Tuesday, 18 February 2014

Governors spend Sh1bn on travel in three months

NAIROBI, KENYA: Governors spent more than Sh1 billion on travel in a period of three months, a report by the Controller of Budget has said.

Controller of Budget Mrs Agnes Odhiambo
Controller of Budget Mrs Agnes Odhiambo
The allegations of the extravagance could kick off a storm in the management of devolved resources, while raising fresh fears about priorities in the counties.
The travel costs, according to Agnes Odhiambo, the Controller of Budget, included air tickets for international travel for governors, county executive committees and members of county assemblies.
While the report does not reveal the nature of trips the county officials made during the period, the total spend is way above the Sh872 million that governors allocated to development projects.
A further Sh242 million was used for conferences, while Sh161 million went to training. The shocking revelations have been made by an audit of the actual expenditure in the 47 counties between July and September last year.
During the period, members of the county assemblies earned more than Sh473 million in sitting allowances in addition to their hefty salaries.
Ms Odhiambo warned in her report that the expenditure on sitting allowances was unsustainable.
“The office (Controller of Budget) recommends that sitting allowances for MCAs need to be rationalised as this expenditure may not be sustainable, given the already escalating wage bill nationally,“ Ms Odhiambo said in her report.

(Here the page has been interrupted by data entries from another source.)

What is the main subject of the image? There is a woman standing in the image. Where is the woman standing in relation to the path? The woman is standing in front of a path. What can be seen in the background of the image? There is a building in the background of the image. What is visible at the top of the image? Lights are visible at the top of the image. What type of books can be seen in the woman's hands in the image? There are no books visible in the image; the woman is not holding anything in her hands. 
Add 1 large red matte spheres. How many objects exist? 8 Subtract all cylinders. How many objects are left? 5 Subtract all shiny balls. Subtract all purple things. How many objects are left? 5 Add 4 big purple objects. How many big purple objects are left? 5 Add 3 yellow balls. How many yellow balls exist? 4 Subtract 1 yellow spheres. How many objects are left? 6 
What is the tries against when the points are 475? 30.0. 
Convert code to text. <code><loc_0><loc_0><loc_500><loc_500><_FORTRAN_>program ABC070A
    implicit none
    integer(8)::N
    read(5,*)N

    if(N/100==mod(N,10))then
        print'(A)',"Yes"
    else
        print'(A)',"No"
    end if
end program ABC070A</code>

Machakos, Kiambu and Laikipia counties have spent the highest amounts on travel-related expenses at Sh52 million, Sh46.7 million and Sh46.6 million respectively, while Nakuru had the biggest allocation on food, put together as conferences, hospitality and catering.
NEW WORKERS
Salaries and wages for county staff were the single largest expense in all the regions, with the wage bill expected to grow exponentially following the recruitment of new workers and adoption of employees seconded from the national government.

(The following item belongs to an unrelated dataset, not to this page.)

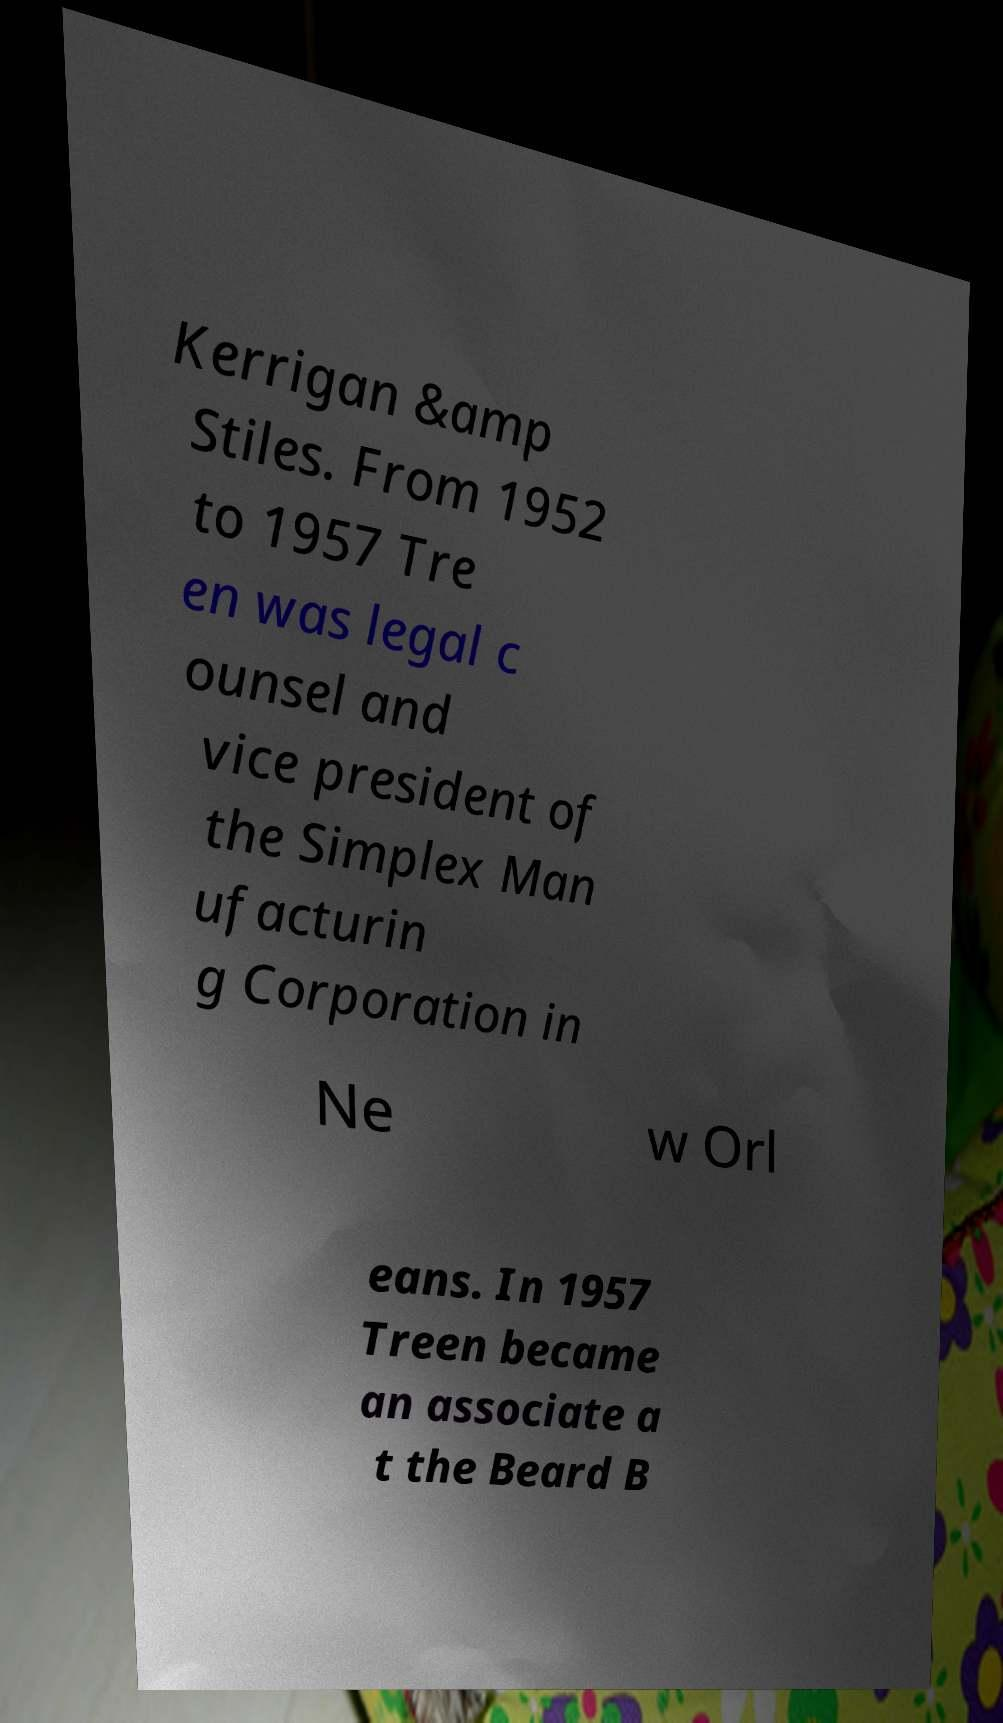For documentation purposes, I need the text within this image transcribed. Could you provide that? Kerrigan &amp Stiles. From 1952 to 1957 Tre en was legal c ounsel and vice president of the Simplex Man ufacturin g Corporation in Ne w Orl eans. In 1957 Treen became an associate a t the Beard B

More than Sh7 billion was spent on paying salaries and allowances, while Sh4.9 billion was used for operations and maintenance. A soaring wage bill has been a major concern especially for the National Government, prompting concerns from local and international agencies.
Counties that have only been in existence for ten months have been confronted with the same problem, which economists observe would deny resources to productive sectors.
Odhiambo has also expressed reservations about the nature of expenses and accountability because some counties were operating several bank accounts.
The use of multiple bank accounts made it difficult to track all expenditures and, as a result, reconciling the revenues and expenses could not be accurately executed.